The whole trend nowadays is towards a common language. In the past 12 months, control of Radio Éireann has been handed over to a new authority whose main concern will be to make the business pay. Naturally, therefore, they will not be thinking so much in terms of Gaelic as in matters of finance. We have been told Common Market membership is near at hand and as travel and intercourse around the world become easier, the whole stress will be on a common language as distinct from separate languages. It would be a crime, therefore, if, through our educational system here, we lost a good working knowledge of the English language. Whether we like it or not, it is a language of great importance to this country because of our nearness to Britain and the fact that so many of our kin live in the United States.

I would again ask the Minister to stop turning out so many illiterates from our schools when he knows that the vast majority should be attending school still after 14 or 15 but are discouraged from doing so because of the necessity to do everything through the medium of the Irish language.

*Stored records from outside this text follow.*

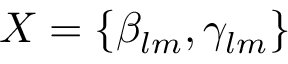Convert formula to latex. <formula><loc_0><loc_0><loc_500><loc_500>X = \left \{ { \beta _ { l m } , \gamma _ { l m } } \right \}</formula> 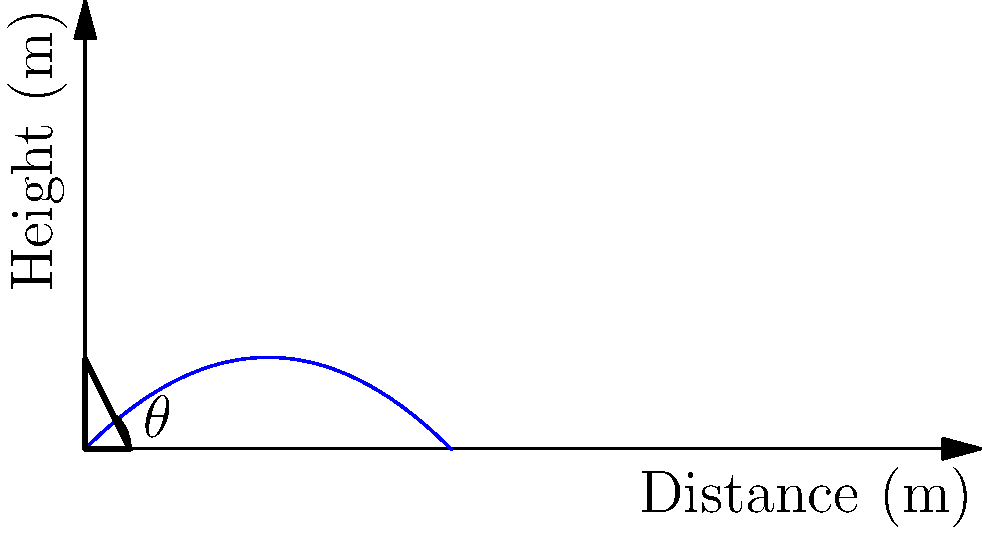As the owner of a toy store, you're designing a toy catapult for a community playdate event. The catapult launches a small foam ball with an initial velocity of 20 m/s. Assuming air resistance is negligible, at what angle $\theta$ should the catapult be set to achieve the maximum horizontal distance? Use $g = 9.8$ m/s² for acceleration due to gravity. To find the optimal angle for maximum distance, we can follow these steps:

1) The horizontal distance traveled by a projectile is given by:
   $$R = \frac{v_0^2 \sin(2\theta)}{g}$$
   where $R$ is the range, $v_0$ is the initial velocity, $\theta$ is the launch angle, and $g$ is the acceleration due to gravity.

2) To find the maximum distance, we need to find the angle that maximizes this function. We can do this by differentiating $R$ with respect to $\theta$ and setting it to zero:

   $$\frac{dR}{d\theta} = \frac{v_0^2}{g} \cdot 2\cos(2\theta) = 0$$

3) Solving this equation:
   $$2\cos(2\theta) = 0$$
   $$\cos(2\theta) = 0$$

4) The cosine function is zero when its argument is $\frac{\pi}{2}$ or $\frac{3\pi}{2}$. So:
   $$2\theta = \frac{\pi}{2}$$ or $$2\theta = \frac{3\pi}{2}$$

5) Solving for $\theta$:
   $$\theta = \frac{\pi}{4}$$ or $$\theta = \frac{3\pi}{4}$$

6) The angle $\frac{\pi}{4}$ (45°) gives the maximum range, while $\frac{3\pi}{4}$ (135°) gives the minimum.

Therefore, the optimal angle for maximum distance is 45°.
Answer: 45° 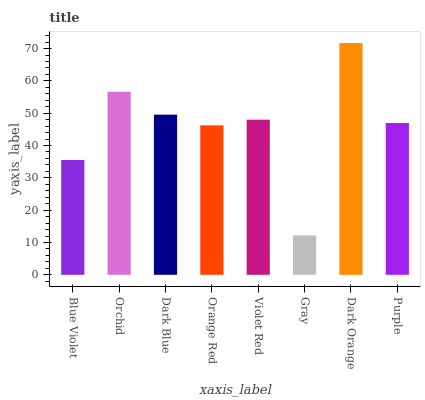Is Gray the minimum?
Answer yes or no. Yes. Is Dark Orange the maximum?
Answer yes or no. Yes. Is Orchid the minimum?
Answer yes or no. No. Is Orchid the maximum?
Answer yes or no. No. Is Orchid greater than Blue Violet?
Answer yes or no. Yes. Is Blue Violet less than Orchid?
Answer yes or no. Yes. Is Blue Violet greater than Orchid?
Answer yes or no. No. Is Orchid less than Blue Violet?
Answer yes or no. No. Is Violet Red the high median?
Answer yes or no. Yes. Is Purple the low median?
Answer yes or no. Yes. Is Dark Orange the high median?
Answer yes or no. No. Is Orange Red the low median?
Answer yes or no. No. 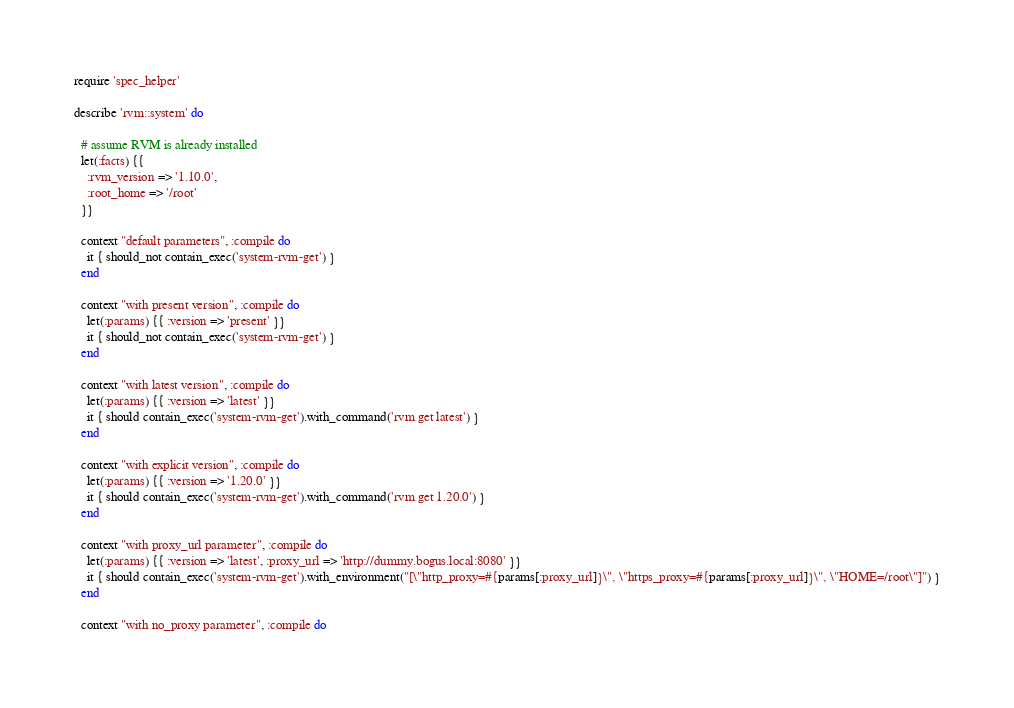Convert code to text. <code><loc_0><loc_0><loc_500><loc_500><_Ruby_>require 'spec_helper'

describe 'rvm::system' do

  # assume RVM is already installed
  let(:facts) {{
    :rvm_version => '1.10.0',
    :root_home => '/root'
  }}

  context "default parameters", :compile do
    it { should_not contain_exec('system-rvm-get') }
  end

  context "with present version", :compile do
    let(:params) {{ :version => 'present' }}
    it { should_not contain_exec('system-rvm-get') }
  end

  context "with latest version", :compile do
    let(:params) {{ :version => 'latest' }}
    it { should contain_exec('system-rvm-get').with_command('rvm get latest') }
  end

  context "with explicit version", :compile do
    let(:params) {{ :version => '1.20.0' }}
    it { should contain_exec('system-rvm-get').with_command('rvm get 1.20.0') }
  end

  context "with proxy_url parameter", :compile do
    let(:params) {{ :version => 'latest', :proxy_url => 'http://dummy.bogus.local:8080' }}
    it { should contain_exec('system-rvm-get').with_environment("[\"http_proxy=#{params[:proxy_url]}\", \"https_proxy=#{params[:proxy_url]}\", \"HOME=/root\"]") }
  end

  context "with no_proxy parameter", :compile do</code> 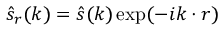<formula> <loc_0><loc_0><loc_500><loc_500>\hat { s } _ { r } ( \boldsymbol k ) = \hat { s } ( \boldsymbol k ) \exp ( - i \boldsymbol k \cdot \boldsymbol r )</formula> 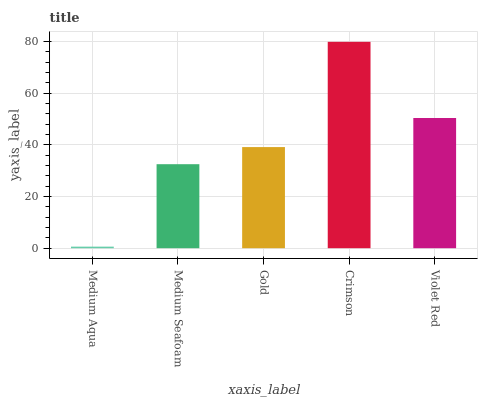Is Medium Aqua the minimum?
Answer yes or no. Yes. Is Crimson the maximum?
Answer yes or no. Yes. Is Medium Seafoam the minimum?
Answer yes or no. No. Is Medium Seafoam the maximum?
Answer yes or no. No. Is Medium Seafoam greater than Medium Aqua?
Answer yes or no. Yes. Is Medium Aqua less than Medium Seafoam?
Answer yes or no. Yes. Is Medium Aqua greater than Medium Seafoam?
Answer yes or no. No. Is Medium Seafoam less than Medium Aqua?
Answer yes or no. No. Is Gold the high median?
Answer yes or no. Yes. Is Gold the low median?
Answer yes or no. Yes. Is Crimson the high median?
Answer yes or no. No. Is Medium Aqua the low median?
Answer yes or no. No.

As I said earlier, speaking from personal experience, I am amazed at the ignorance of children nowadays.

Last year, I drew attention to the fact that there was still a great scarcity of schools in the built-up areas, particularly in Dublin. While I agree great work has been done, nevertheless large numbers of Dublin parents still have to send their children to schools in the centre of the city and while I am aware there are school buses at cheap fares, a large number of children cannot avail of them because they do not go anywhere near the schools.

Then we come to the question of finances. The Minister should use his good offices with C.I.E. to see that children are not stopped from attending schools because they lack the few pence. I know that children fail to attend school sometimes because their parents have not got the couple of pence, particularly during the lean part of the week. In my opinion, the fact that the parents have not got the few necessary pence should not be allowed to stop children attending school. Children ought to be able to travel for a penny. During the year, I asked a supplementary question on the matter of corporal punishment in schools. The case I mentioned was of a girl of eight years of age, a quiet mannerly girl, who got a box on the jaw because when another girl's name was called in Irish by the teacher, she answered. There were no grounds whatsoever for boxing that little girl on the jaw. I can understand Deputy Lindsay's point that many children are bold and deserve to be punished but here and there you get a teacher who has a sadistic touch in his or her make-up and who likes to box people around. I hope the Minister will watch out for that sort of teacher.

That brings me to the point made by Deputy Lindsay, that some teachers are not in the business because of their love of it but because of the money. It is not their natural vocation. I agree that happens. I know teachers who are engaged in business to such an extent that they are more interested in business than in the vocation of teaching. Possibly that type of teacher would be irritable and too free with his hands. If he were naturally inclined towards the vocation of teaching, probably he would have understanding and would not inflict punishment except where it was desirable. In the particular case I mentioned, there was no justification.

All of us have bees in our bonnets about some matters affecting various Departments and this is the bee in my bonnet—the lack of physical training in our schools.

Progress reported; Committee to sit again.